By Dave Andrusko
Our church, like many, sponsors missionaries. We have one in particular whom I have gotten to know extremely well and (according to my own children) consider a kind of adopted son.
We talked at length last night and the conversation reminded me of how we had once exchange emails about an update via Facebook he was going to send to his supporters. As we did last night, we’ve discussed many times about how he chosen his path (or how it was chosen for him).
However, while we had briefly touched on the events of many, many years ago which culminated with me throwing my lot in with the greatest movement for social justice of our times, we’d never done so in any depth. Our recent conversations prompted me to think about the confluence of events which resulted in what has become my life’s work.
The following is a synopsis of my entry point into the Movement. I do not offer it because it is unique. It’s anything but. In fact, in some ways my experience was typical, in other ways not so much, but in all ways (as is the case with many of you reading this post), it was a turning point in my life.
I was already an adult by the time of Roe v. Wade. But, I suspect like most Americans, in my innocence I had missed the decade-long battle over “abortion reform” that preceded the 1973 decision which took a wrecking ball to the abortion statutes of all 50 states, even the most permissive.

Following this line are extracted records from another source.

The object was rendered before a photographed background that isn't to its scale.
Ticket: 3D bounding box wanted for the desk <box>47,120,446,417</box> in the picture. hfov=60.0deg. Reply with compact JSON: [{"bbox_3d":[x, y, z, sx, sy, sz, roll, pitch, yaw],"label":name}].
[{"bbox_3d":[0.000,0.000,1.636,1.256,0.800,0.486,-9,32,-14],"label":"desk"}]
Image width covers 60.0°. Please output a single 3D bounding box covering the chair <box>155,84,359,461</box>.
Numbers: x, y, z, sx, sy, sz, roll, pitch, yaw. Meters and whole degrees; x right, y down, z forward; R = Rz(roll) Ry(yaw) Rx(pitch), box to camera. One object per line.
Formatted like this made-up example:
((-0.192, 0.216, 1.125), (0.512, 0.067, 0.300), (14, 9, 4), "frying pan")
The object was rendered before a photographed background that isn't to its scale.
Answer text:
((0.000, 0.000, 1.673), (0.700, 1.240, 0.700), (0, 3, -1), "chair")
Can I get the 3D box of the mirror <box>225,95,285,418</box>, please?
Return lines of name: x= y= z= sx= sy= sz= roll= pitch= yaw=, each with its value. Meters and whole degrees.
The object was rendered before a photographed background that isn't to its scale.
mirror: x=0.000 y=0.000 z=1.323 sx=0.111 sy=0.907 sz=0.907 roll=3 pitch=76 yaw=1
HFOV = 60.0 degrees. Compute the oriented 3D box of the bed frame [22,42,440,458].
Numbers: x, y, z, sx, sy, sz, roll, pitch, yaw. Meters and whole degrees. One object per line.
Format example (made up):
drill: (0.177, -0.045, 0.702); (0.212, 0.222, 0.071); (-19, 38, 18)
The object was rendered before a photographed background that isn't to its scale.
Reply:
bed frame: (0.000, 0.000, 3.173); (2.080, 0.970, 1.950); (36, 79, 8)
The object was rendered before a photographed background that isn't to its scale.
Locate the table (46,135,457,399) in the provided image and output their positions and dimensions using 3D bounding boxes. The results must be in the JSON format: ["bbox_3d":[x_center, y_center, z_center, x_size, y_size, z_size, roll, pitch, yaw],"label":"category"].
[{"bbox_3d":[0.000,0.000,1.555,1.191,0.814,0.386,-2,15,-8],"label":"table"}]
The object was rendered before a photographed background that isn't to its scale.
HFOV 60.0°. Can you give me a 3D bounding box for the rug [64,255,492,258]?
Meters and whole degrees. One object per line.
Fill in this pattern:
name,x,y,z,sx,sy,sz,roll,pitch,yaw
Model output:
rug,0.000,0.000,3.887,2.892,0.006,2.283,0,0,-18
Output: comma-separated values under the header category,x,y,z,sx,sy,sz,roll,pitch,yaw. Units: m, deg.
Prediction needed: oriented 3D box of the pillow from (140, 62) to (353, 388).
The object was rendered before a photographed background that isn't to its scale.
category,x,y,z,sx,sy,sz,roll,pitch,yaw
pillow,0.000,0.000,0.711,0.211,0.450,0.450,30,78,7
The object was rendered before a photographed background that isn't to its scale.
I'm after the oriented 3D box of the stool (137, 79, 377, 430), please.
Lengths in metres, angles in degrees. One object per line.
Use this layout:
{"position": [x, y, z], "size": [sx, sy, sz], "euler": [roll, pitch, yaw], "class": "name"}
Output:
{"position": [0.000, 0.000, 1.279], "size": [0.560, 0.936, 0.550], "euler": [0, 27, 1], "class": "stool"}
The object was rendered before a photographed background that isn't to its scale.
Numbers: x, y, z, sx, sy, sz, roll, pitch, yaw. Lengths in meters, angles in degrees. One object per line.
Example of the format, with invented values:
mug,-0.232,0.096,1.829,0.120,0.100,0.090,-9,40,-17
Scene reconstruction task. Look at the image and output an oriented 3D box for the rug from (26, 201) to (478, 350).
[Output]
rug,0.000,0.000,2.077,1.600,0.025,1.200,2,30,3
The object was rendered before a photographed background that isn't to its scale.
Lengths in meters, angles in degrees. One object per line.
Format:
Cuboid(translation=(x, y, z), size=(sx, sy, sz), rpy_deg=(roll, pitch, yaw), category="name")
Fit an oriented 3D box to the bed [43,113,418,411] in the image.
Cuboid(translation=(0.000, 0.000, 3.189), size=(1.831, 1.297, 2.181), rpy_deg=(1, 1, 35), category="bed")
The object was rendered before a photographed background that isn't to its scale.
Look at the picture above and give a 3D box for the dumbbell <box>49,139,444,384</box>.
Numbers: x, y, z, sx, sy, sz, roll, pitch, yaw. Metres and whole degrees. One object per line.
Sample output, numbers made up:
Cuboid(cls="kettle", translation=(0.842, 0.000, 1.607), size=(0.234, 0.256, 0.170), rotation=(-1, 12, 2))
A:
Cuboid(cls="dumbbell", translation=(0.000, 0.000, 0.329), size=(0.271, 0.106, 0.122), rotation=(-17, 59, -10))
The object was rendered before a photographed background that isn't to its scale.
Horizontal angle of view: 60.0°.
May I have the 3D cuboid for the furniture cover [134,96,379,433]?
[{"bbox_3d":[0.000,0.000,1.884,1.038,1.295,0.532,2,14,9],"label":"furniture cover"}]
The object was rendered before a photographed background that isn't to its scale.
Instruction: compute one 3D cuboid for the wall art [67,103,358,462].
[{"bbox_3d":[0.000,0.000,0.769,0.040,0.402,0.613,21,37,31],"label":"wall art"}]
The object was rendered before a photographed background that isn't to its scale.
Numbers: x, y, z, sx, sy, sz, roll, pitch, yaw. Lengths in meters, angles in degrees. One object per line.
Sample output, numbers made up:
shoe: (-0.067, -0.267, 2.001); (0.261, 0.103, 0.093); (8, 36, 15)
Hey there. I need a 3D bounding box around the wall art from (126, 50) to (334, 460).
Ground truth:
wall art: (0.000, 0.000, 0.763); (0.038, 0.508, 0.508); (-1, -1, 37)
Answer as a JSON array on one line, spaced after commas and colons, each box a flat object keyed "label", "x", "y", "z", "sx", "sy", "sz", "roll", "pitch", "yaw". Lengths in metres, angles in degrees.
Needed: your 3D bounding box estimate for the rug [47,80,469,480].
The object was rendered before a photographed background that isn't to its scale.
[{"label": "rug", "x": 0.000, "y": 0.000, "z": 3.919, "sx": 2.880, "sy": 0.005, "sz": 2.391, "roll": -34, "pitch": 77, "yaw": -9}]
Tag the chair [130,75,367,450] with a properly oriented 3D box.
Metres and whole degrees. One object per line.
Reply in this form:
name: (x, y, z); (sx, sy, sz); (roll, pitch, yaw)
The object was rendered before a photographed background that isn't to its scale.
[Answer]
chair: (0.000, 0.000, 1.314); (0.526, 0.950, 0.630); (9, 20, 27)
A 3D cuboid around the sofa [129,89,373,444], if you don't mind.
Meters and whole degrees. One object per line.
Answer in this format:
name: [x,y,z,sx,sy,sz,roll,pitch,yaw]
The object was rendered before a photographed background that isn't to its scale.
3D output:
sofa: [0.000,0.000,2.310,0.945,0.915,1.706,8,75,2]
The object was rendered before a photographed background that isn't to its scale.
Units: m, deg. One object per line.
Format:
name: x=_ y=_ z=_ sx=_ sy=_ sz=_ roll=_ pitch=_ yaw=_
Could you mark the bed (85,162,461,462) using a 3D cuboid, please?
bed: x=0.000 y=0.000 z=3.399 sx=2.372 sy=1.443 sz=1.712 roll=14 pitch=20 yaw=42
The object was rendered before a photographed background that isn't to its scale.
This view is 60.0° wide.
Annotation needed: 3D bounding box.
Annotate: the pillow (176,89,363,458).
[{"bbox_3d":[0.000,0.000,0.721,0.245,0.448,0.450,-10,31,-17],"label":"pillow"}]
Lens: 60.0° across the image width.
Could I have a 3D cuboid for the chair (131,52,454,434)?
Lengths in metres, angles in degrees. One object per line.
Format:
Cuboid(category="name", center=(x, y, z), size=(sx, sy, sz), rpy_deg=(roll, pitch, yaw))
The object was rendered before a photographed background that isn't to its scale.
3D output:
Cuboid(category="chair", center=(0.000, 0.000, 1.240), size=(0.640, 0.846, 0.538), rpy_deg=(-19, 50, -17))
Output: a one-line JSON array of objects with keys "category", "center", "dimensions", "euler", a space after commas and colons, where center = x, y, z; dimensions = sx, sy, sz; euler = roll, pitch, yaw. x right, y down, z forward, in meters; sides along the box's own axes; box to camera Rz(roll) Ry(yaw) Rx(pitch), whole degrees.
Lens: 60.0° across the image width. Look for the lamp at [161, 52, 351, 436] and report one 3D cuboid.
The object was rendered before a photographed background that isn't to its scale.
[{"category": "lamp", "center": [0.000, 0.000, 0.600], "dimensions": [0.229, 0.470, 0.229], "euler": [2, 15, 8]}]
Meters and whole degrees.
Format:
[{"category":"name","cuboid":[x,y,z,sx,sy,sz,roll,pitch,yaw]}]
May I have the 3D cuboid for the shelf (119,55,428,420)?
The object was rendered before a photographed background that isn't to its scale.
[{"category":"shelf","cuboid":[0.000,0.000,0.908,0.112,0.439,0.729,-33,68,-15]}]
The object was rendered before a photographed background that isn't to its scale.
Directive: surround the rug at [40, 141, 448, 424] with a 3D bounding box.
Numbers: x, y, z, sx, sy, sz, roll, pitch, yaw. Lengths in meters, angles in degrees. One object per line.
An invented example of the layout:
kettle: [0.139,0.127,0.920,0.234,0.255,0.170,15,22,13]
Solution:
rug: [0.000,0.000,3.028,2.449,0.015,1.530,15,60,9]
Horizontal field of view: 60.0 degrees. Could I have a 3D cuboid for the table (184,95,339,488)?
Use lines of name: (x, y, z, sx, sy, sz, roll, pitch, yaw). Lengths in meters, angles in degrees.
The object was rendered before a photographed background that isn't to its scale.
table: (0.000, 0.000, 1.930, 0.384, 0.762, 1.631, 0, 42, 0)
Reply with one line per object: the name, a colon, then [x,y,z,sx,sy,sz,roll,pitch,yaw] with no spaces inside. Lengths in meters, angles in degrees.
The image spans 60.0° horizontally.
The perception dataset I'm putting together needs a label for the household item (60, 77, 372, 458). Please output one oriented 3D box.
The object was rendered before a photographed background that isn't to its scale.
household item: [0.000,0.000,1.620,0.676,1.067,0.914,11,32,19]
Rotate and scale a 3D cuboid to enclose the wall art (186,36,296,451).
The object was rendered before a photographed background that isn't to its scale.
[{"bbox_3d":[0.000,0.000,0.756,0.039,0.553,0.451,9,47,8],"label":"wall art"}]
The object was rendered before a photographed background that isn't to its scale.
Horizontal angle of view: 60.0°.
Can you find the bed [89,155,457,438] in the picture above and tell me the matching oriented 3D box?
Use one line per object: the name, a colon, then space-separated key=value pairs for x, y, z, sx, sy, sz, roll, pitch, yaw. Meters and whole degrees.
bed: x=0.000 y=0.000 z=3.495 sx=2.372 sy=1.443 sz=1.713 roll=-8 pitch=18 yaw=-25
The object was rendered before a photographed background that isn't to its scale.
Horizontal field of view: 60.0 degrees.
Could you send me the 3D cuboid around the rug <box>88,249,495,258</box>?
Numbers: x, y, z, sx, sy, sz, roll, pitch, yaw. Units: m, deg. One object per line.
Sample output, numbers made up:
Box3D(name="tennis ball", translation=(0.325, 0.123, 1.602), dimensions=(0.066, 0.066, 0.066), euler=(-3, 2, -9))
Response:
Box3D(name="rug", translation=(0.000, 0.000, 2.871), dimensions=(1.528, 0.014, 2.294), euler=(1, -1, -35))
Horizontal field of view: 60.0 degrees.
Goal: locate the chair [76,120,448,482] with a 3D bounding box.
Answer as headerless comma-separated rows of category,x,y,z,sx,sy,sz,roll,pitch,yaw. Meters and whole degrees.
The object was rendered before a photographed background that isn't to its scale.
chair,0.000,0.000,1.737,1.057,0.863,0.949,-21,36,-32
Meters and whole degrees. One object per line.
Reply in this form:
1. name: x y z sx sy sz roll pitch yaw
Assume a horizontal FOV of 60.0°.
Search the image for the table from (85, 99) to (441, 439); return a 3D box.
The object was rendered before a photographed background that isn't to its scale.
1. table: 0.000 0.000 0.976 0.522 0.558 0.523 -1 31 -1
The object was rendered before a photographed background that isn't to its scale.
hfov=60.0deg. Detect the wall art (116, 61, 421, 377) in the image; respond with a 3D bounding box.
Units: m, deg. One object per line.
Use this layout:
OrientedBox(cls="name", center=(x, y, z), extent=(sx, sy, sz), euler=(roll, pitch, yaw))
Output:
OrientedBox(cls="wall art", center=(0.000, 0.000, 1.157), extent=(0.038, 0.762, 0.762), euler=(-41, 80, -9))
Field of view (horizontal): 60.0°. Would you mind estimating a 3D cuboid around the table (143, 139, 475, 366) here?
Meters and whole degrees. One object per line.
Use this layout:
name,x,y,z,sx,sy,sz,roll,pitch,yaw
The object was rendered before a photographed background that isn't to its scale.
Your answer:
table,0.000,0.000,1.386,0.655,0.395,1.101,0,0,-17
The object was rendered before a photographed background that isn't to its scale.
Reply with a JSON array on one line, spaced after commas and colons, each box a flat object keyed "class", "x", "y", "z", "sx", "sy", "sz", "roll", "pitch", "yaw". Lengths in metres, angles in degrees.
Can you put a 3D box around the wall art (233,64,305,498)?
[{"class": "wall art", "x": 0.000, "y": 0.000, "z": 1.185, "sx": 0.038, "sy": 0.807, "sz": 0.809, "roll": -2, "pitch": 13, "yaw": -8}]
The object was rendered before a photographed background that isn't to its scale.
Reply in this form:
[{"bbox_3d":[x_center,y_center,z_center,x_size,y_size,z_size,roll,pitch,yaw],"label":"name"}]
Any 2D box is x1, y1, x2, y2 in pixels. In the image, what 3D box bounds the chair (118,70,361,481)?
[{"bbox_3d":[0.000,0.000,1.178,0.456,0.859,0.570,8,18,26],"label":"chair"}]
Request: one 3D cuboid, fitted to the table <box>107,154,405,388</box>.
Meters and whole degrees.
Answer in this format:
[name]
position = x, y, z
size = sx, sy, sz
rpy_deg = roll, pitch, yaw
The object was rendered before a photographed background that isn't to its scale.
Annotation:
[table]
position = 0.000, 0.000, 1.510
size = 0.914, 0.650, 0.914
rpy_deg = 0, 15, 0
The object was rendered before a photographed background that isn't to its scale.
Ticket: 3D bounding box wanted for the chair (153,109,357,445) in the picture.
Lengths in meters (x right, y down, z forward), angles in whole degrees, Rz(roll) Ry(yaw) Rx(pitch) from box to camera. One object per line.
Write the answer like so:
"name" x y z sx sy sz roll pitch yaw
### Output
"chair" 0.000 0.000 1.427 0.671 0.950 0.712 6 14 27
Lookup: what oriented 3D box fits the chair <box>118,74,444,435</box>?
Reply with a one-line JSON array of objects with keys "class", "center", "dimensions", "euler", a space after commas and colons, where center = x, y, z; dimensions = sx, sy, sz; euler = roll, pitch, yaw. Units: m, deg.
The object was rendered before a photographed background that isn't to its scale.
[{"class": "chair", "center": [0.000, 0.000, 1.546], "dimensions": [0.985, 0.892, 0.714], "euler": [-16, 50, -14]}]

My portal, in a manner of speaking, was a combination of a predisposition to protecting the unborn (I was the oldest of seven kids) and the soul-shocking impact of the video presentation and book, Whatever Happened to the Human Race? the classic work of former Surgeon General C. Everett Kopp and theologian Francis Schaeffer which awakened millions of Evangelical Christians.
This is another way of saying that unbeknownst to me, in the mid-seventies, I was being primed. Like tens of millions of others, I needed to be activated. Sitting in that Presbyterian Church in South Minneapolis, images from Whatever Happened to the Human Race? were seared into my memory. I knew I had to do something.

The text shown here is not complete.